Deconvoluting Fission Mass Distributions

Measurements of fission mass distributions provide valuable insights into the properties of fissioning systems and the dynamics of the fission process. Pre-neutron emission distributions, essential for codes like the Los Alamos -developed CGMF, are extracted from measured mass distributions since they cannot be directly observed after neutron emission, as the time scale of the fission reaction is too short for direct measurement before the emission. However, obtaining accurate pre-neutron emission distribution requires methods that eliminate the effects of mass resolution and detector inefficiency, which can impact those measurements. We propose a deblurring technique based on the Richardson-Lucy (RL) algorithm, commonly used in optics for image restoration.
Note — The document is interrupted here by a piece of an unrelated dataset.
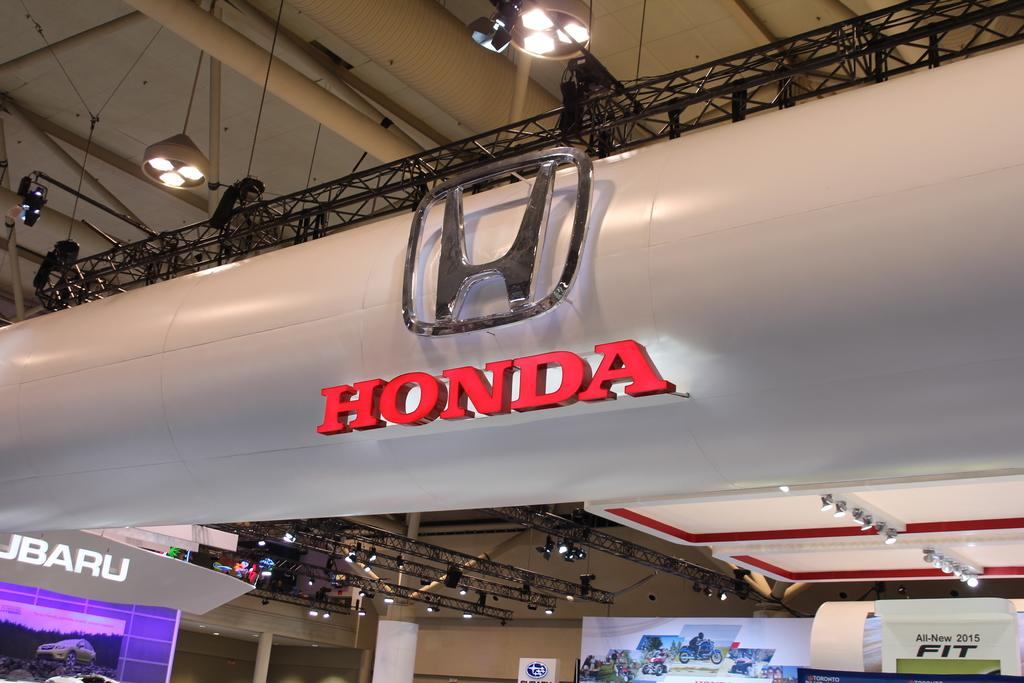<image>
Create a compact narrative representing the image presented. The Honda car logo hangs above a show room in a car dealership. 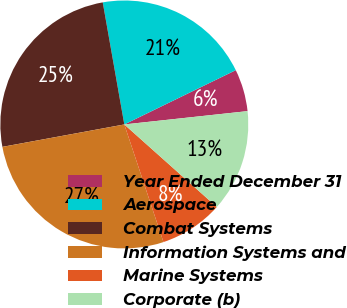<chart> <loc_0><loc_0><loc_500><loc_500><pie_chart><fcel>Year Ended December 31<fcel>Aerospace<fcel>Combat Systems<fcel>Information Systems and<fcel>Marine Systems<fcel>Corporate (b)<nl><fcel>5.5%<fcel>20.57%<fcel>25.11%<fcel>27.22%<fcel>8.29%<fcel>13.31%<nl></chart> 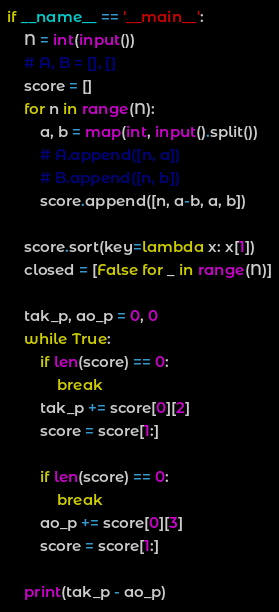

The RL algorithm uses the measured mass distributions and a transfer matrix to perform iterative deconvolution. The advantage of this method over others is that it does not assume any predefined shape such as a sum of Gaussians, as in CGMF for the mass distributions.

In this work, we apply the algorithm to the fission fragment mass distributions measured in both spontaneous and neutron-induced fission experiments to extract pre-neutron emission mass distribution. The results from deblurring are then used as inputs to CGMF, and we compare the CGMF results obtained using deblurring inputs with the default CGMF results. We observe good agreement between both sets of results.